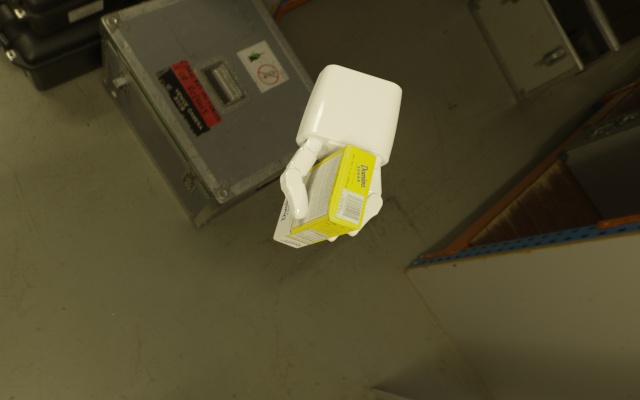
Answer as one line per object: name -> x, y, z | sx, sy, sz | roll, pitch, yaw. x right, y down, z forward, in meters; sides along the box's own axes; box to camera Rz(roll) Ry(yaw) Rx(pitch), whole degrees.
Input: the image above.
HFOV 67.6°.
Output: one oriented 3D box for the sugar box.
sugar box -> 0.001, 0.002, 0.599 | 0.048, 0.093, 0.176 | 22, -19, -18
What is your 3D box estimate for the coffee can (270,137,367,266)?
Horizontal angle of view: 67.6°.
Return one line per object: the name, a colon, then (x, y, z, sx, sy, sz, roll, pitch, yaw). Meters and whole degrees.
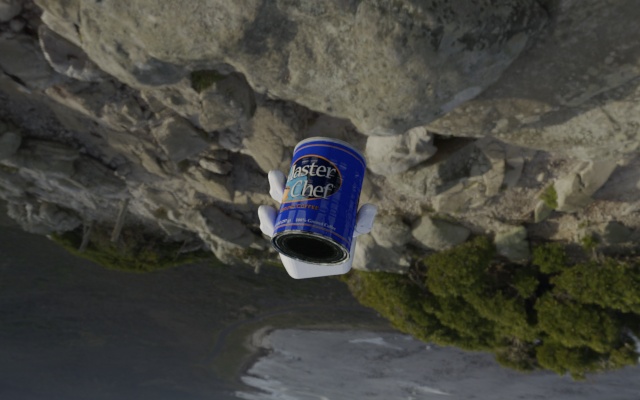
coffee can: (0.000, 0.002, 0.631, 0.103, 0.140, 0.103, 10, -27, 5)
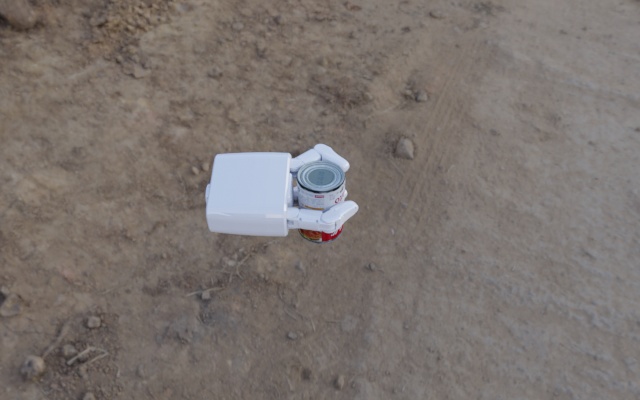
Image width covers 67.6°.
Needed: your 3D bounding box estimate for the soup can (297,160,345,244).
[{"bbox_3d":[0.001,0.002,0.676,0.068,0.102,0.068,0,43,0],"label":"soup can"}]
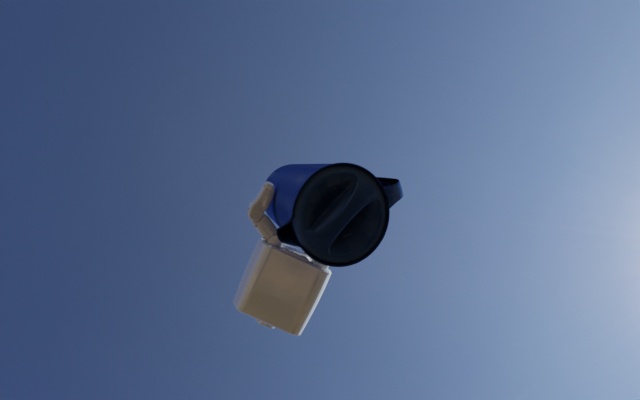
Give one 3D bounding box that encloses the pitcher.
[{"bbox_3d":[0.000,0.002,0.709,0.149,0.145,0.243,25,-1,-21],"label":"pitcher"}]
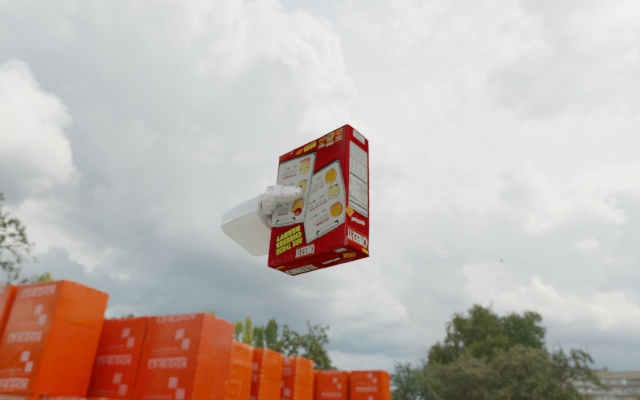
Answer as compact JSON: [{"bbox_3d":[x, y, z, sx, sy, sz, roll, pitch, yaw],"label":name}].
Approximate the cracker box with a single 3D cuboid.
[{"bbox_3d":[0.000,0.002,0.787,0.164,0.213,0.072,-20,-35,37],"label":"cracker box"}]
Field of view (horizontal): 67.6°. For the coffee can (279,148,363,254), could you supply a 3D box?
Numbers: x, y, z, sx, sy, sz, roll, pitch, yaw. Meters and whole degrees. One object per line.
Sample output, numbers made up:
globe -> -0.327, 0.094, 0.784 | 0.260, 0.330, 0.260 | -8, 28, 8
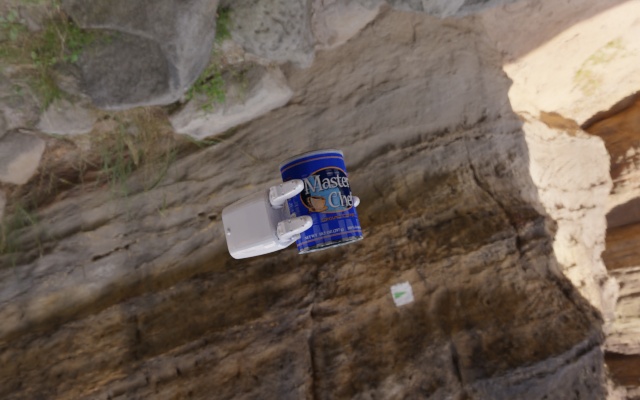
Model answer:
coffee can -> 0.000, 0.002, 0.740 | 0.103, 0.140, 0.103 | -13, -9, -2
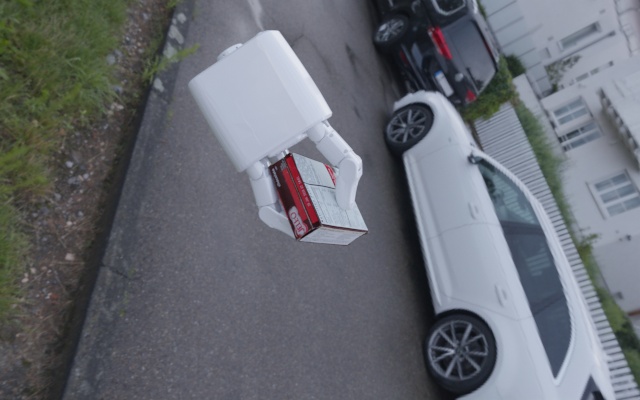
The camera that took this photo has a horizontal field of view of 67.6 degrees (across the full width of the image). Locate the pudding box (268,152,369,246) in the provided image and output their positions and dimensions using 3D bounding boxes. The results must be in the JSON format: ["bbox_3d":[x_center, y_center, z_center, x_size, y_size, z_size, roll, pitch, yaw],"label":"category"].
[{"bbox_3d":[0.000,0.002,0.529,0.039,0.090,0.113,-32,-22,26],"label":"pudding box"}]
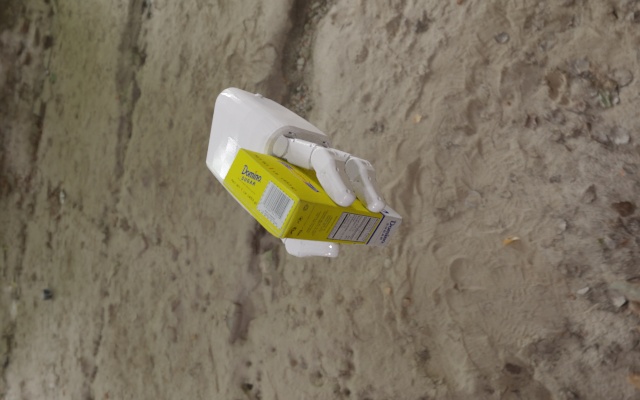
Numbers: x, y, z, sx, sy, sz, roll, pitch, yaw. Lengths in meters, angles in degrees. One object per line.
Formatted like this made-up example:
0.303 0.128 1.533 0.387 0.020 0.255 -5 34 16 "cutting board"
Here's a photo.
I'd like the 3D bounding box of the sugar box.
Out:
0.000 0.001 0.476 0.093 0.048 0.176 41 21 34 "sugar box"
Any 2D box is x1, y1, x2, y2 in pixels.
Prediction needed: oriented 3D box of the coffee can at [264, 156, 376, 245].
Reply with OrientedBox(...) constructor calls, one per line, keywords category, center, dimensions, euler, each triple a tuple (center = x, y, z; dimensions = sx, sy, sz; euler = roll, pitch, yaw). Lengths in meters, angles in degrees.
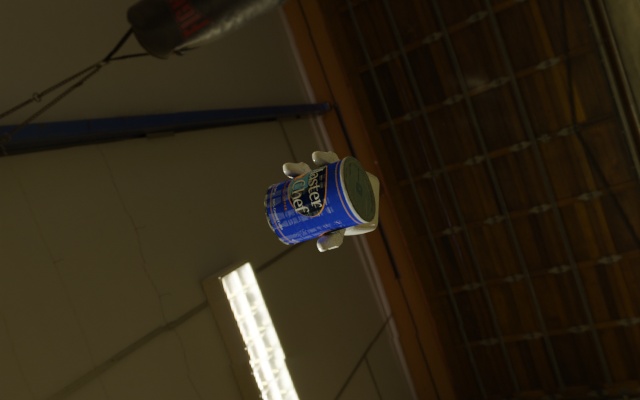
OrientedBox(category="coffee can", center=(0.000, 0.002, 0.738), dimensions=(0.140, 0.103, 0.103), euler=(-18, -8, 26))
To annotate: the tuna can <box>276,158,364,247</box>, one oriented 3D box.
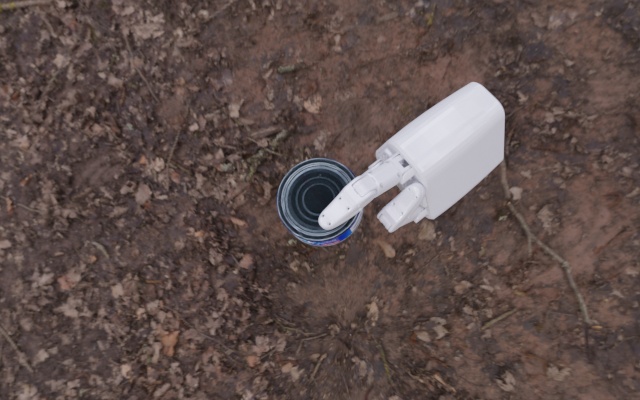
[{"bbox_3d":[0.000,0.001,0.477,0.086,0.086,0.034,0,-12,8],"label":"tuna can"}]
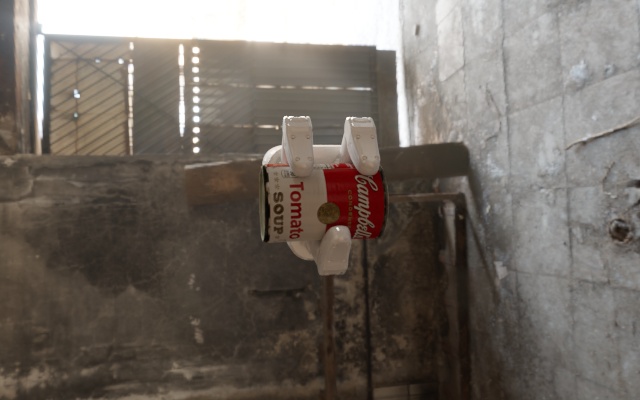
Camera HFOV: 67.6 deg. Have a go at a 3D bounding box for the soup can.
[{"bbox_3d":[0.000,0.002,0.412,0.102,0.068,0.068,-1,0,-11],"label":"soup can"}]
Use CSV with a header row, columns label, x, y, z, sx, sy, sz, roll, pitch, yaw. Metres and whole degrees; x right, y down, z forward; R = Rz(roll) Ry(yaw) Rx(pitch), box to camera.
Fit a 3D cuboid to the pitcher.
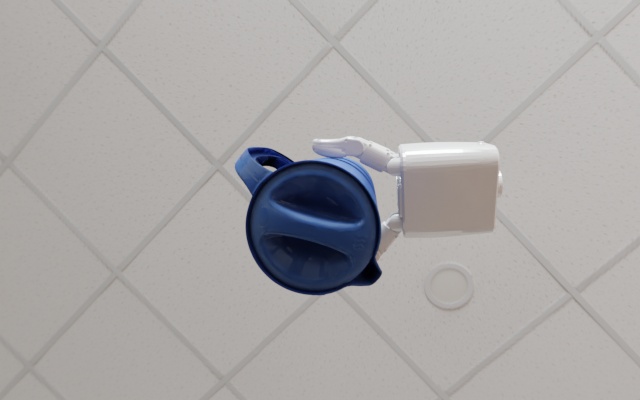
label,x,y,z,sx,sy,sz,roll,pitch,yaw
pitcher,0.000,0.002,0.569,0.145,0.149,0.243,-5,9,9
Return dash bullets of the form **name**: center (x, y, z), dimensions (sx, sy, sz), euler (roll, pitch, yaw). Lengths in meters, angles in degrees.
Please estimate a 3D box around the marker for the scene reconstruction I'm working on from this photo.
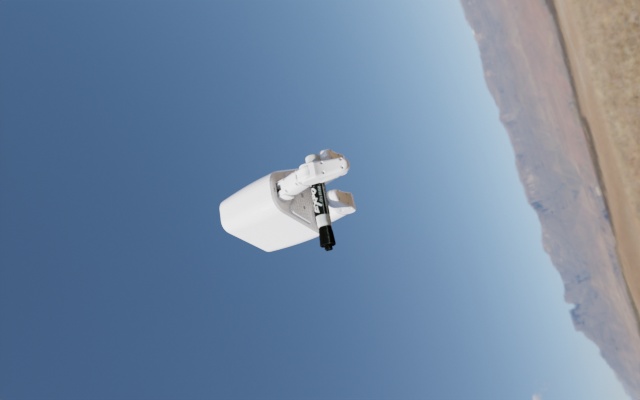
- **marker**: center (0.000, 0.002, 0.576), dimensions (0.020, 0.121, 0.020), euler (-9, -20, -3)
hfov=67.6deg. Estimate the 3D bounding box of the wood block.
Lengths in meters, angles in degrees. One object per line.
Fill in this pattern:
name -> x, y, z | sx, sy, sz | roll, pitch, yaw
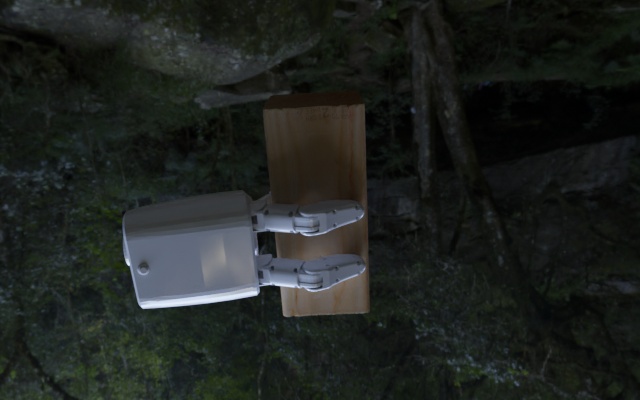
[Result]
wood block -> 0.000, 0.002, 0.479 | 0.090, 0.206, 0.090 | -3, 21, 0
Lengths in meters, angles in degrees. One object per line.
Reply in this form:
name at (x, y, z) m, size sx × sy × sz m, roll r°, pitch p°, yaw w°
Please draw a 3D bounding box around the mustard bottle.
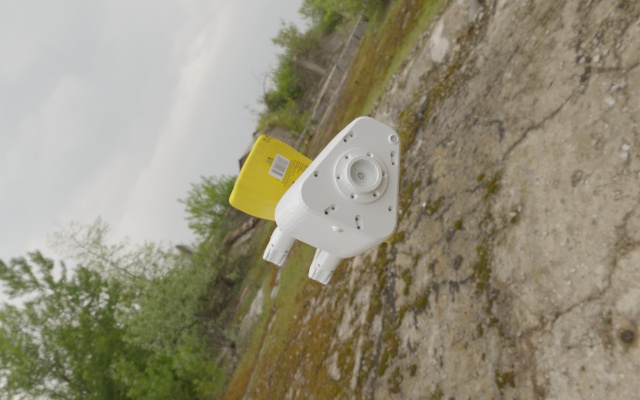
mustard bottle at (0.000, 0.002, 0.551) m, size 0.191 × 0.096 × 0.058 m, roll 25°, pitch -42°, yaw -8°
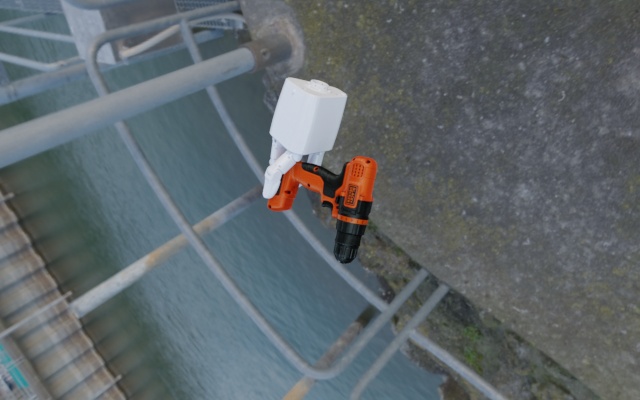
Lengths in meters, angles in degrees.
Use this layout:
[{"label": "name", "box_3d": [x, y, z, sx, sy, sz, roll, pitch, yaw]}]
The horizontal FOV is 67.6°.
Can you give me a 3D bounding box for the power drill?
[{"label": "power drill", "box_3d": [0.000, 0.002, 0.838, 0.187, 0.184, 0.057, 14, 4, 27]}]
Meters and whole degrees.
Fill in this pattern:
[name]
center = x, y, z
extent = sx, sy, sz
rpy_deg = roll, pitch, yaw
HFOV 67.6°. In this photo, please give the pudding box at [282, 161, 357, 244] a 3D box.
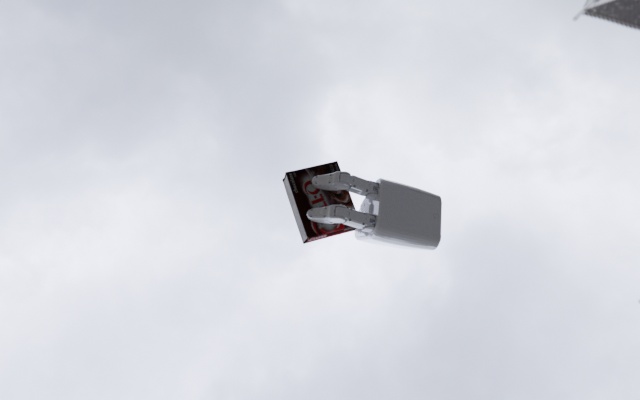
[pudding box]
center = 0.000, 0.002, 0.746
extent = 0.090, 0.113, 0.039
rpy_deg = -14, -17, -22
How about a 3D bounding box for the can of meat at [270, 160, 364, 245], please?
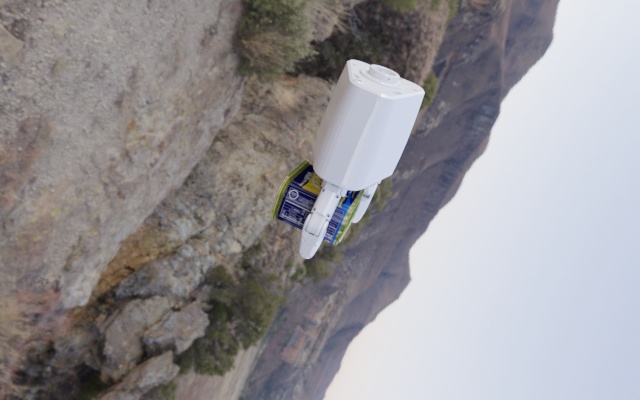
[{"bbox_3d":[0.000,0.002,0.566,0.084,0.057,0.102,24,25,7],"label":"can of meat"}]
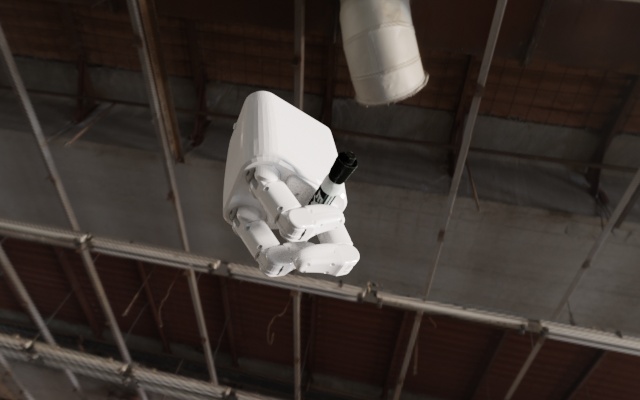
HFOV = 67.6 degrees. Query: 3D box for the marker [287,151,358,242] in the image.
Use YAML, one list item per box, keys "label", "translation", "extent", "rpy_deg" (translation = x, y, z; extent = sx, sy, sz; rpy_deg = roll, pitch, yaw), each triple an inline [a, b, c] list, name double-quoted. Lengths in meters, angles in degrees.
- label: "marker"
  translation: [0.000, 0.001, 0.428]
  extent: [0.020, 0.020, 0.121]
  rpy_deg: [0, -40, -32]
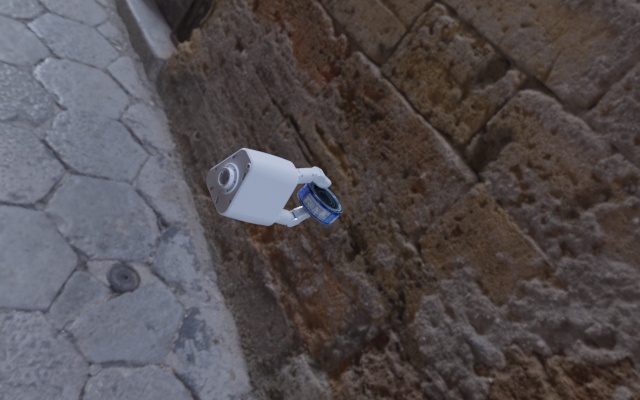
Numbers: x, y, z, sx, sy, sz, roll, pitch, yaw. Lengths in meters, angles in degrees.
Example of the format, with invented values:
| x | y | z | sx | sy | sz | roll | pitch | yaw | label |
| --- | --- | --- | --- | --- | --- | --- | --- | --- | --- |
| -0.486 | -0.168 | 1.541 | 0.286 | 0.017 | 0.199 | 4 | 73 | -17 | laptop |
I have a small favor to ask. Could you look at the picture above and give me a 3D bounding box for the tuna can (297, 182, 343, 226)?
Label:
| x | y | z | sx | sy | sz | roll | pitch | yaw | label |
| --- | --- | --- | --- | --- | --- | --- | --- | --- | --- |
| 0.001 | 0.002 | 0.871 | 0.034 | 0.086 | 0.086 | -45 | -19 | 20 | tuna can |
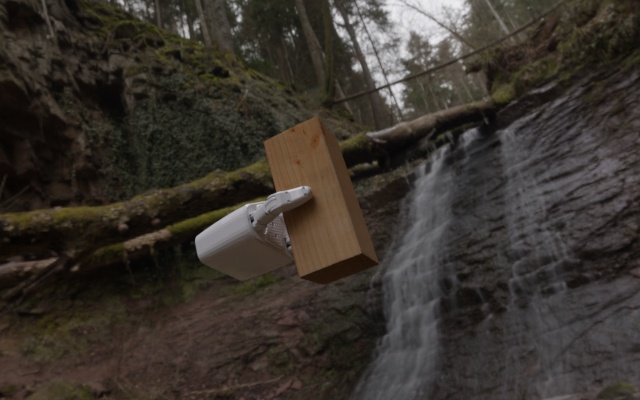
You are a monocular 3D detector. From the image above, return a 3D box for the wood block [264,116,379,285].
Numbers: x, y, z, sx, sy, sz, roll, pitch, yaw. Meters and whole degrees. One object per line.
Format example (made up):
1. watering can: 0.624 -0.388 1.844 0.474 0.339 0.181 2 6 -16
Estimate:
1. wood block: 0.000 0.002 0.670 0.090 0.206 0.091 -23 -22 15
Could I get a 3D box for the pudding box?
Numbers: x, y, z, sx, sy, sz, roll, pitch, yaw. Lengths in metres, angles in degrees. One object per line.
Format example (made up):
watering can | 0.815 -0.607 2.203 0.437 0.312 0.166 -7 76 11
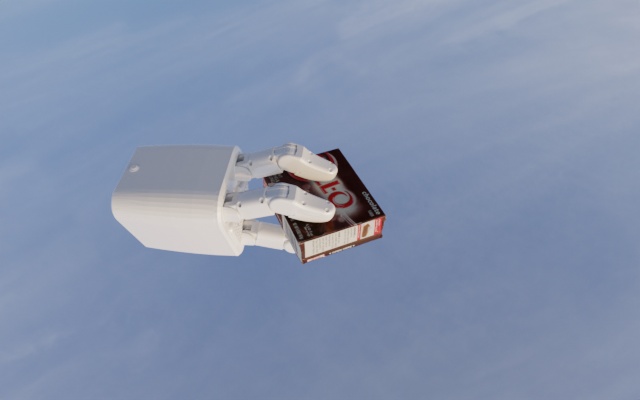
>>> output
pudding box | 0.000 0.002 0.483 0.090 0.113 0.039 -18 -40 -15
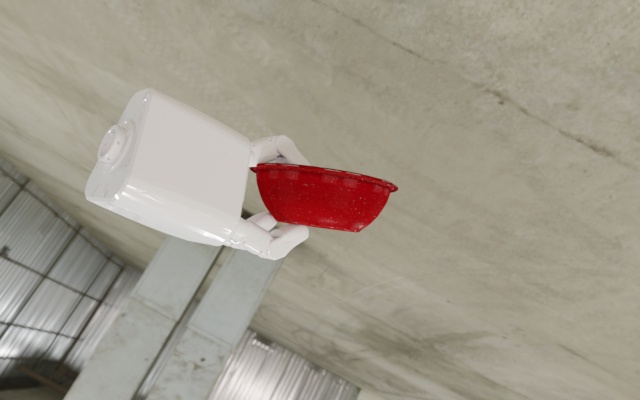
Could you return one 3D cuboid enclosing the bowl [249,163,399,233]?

_WHAT YOU ARE ASKED TO DO_: The word "right" may occur in lines of the data above; say how many lines hold it, giving only the number.

_EXERCISE RESPONSE_: 2